Anyone who spends a lot of time in the console knows the classics: cat for quickly viewing files and git diff for checking code changes. Both have served their purpose for decades, but visually they remain stuck in the past. Yesterday, I discovered two modern CLI tools and immediately installed them on my system to replace these classics: bat and delta.

Both tools are written in Rust, extremely performant, and elevate the rendering of code to a whole new level. Here is my tool presentation and how I have seamlessly integrated them into my Zsh and Git configurations.

Start of heading level 2: 🦇 bat: A cat Clone on Steroids End of heading.

bat is a modern replacement for the standard cat command.
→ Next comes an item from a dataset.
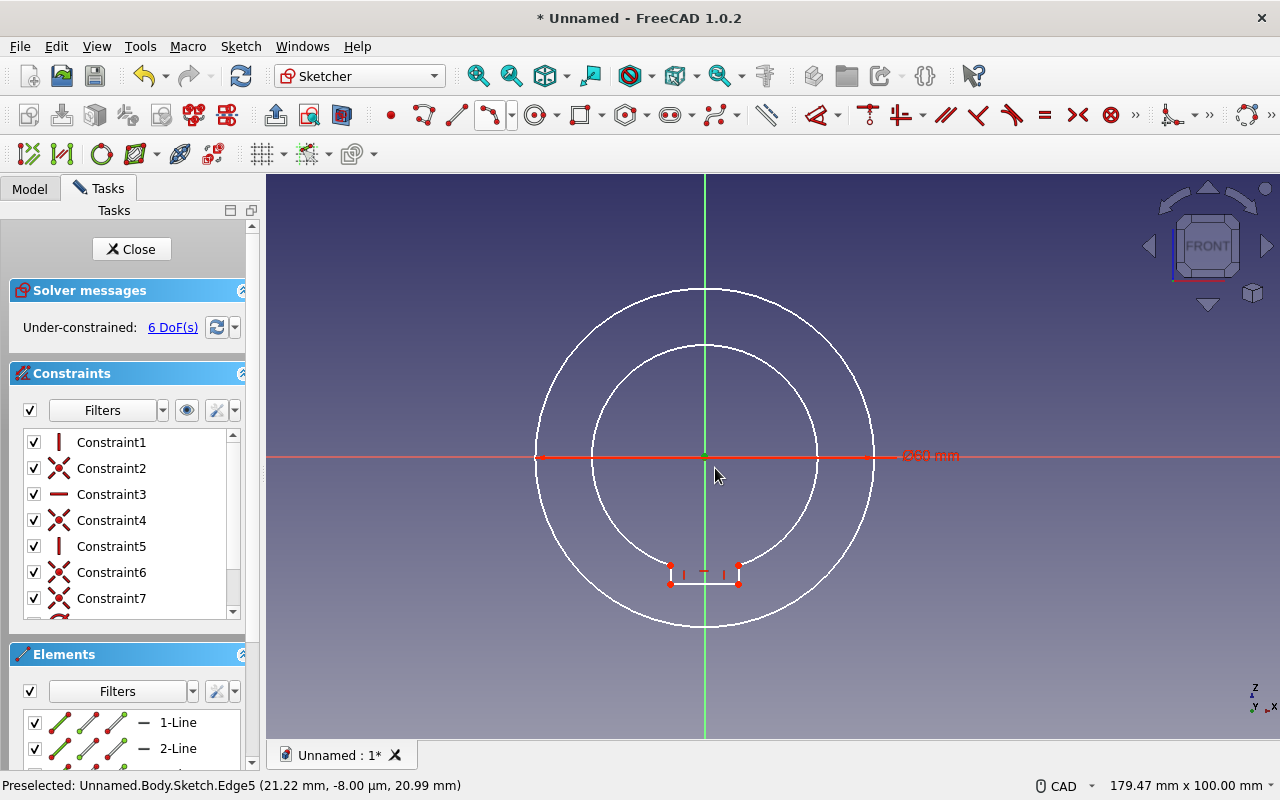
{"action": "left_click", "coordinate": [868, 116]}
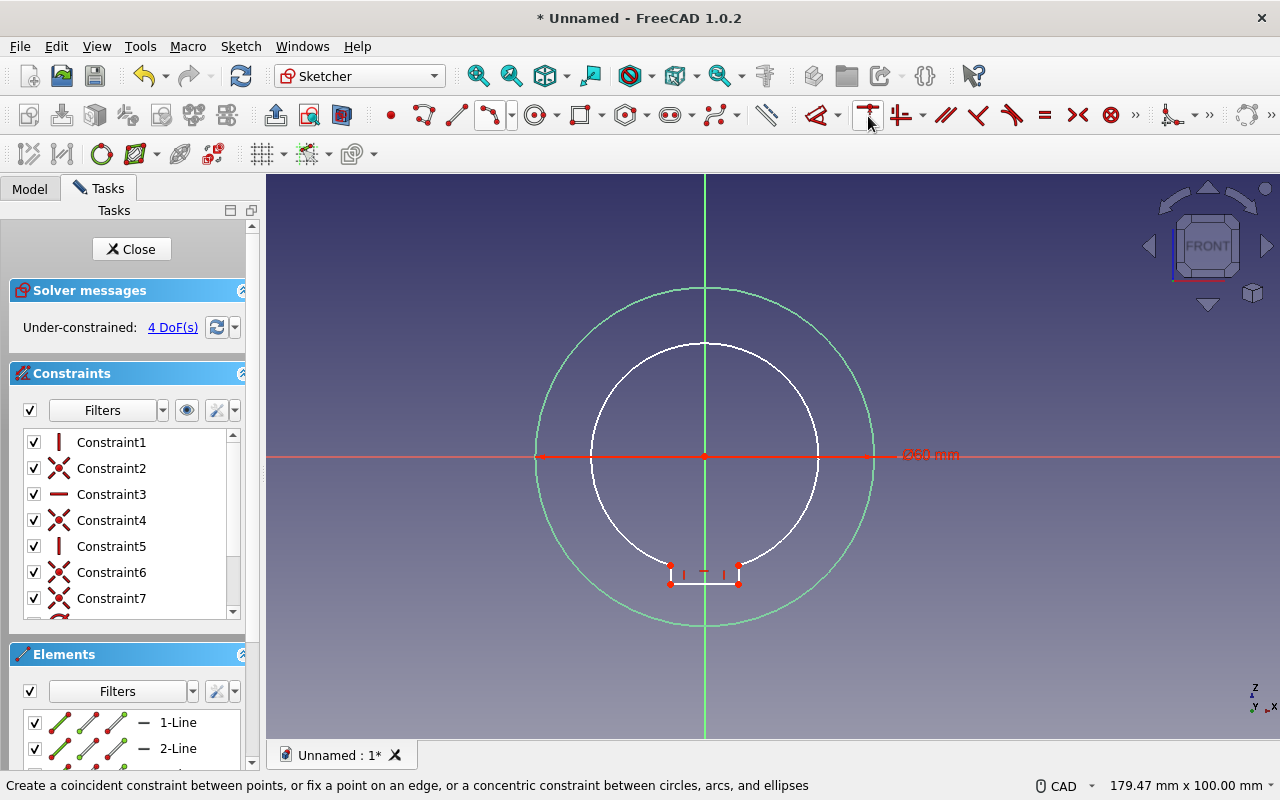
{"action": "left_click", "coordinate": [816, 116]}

While cat simply dumps raw text to the terminal, bat shines with several handy features:

  • Syntax Highlighting: Supports a wide range of programming and markup languages out of the box.
  • Git Integration: Shows modified lines in the left gutter (added +, modified ~, or deleted - lines) relative to the last Git commit.
  • Line Numbers: Makes reading and referencing specific lines of code much easier.
  • Automatic Paging: If a file is longer than the screen, bat automatically pipes the output to a pager (like less), allowing you to scroll and search comfortably.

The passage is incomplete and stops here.